=== Exercise prompt ===
Would you repeat each line below precisely as it stands?

[Extracted records]
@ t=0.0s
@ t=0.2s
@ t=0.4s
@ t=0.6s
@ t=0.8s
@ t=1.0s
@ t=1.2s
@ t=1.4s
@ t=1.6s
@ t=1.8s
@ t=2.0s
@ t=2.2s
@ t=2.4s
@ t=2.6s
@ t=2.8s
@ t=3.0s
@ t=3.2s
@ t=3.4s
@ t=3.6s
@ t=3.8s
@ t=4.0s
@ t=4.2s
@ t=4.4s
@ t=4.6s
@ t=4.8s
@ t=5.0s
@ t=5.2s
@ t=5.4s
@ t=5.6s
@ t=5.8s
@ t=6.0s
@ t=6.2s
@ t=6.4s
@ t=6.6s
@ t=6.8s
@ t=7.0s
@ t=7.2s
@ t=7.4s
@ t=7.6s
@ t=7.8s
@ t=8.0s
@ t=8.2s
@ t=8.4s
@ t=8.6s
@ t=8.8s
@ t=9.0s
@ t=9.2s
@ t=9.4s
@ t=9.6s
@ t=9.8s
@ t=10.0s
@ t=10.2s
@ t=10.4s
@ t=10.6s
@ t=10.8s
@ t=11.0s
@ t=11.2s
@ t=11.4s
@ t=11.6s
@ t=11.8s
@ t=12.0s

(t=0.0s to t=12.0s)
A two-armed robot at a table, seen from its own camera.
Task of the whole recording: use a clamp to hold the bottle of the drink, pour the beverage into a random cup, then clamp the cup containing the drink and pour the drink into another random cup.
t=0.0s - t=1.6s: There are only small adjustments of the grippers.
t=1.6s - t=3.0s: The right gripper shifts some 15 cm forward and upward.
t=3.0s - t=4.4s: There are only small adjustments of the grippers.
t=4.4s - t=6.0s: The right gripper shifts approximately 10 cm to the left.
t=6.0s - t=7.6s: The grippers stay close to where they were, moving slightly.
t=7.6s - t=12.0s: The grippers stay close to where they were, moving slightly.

=== Output below ===
@ t=0.0s
@ t=0.2s
@ t=0.4s
@ t=0.6s
@ t=0.8s
@ t=1.0s
@ t=1.2s
@ t=1.4s
@ t=1.6s
@ t=1.8s
@ t=2.0s
@ t=2.2s
@ t=2.4s
@ t=2.6s
@ t=2.8s
@ t=3.0s
@ t=3.2s
@ t=3.4s
@ t=3.6s
@ t=3.8s
@ t=4.0s
@ t=4.2s
@ t=4.4s
@ t=4.6s
@ t=4.8s
@ t=5.0s
@ t=5.2s
@ t=5.4s
@ t=5.6s
@ t=5.8s
@ t=6.0s
@ t=6.2s
@ t=6.4s
@ t=6.6s
@ t=6.8s
@ t=7.0s
@ t=7.2s
@ t=7.4s
@ t=7.6s
@ t=7.8s
@ t=8.0s
@ t=8.2s
@ t=8.4s
@ t=8.6s
@ t=8.8s
@ t=9.0s
@ t=9.2s
@ t=9.4s
@ t=9.6s
@ t=9.8s
@ t=10.0s
@ t=10.2s
@ t=10.4s
@ t=10.6s
@ t=10.8s
@ t=11.0s
@ t=11.2s
@ t=11.4s
@ t=11.6s
@ t=11.8s
@ t=12.0s

(t=0.0s to t=12.0s)
A two-armed robot at a table, seen from its own camera.
Task of the whole recording: use a clamp to hold the bottle of the drink, pour the beverage into a random cup, then clamp the cup containing the drink and pour the drink into another random cup.
t=0.0s - t=1.6s: There are only small adjustments of the grippers.
t=1.6s - t=3.0s: The right gripper shifts some 15 cm forward and upward.
t=3.0s - t=4.4s: There are only small adjustments of the grippers.
t=4.4s - t=6.0s: The right gripper shifts approximately 10 cm to the left.
t=6.0s - t=7.6s: The grippers stay close to where they were, moving slightly.
t=7.6s - t=12.0s: The grippers stay close to where they were, moving slightly.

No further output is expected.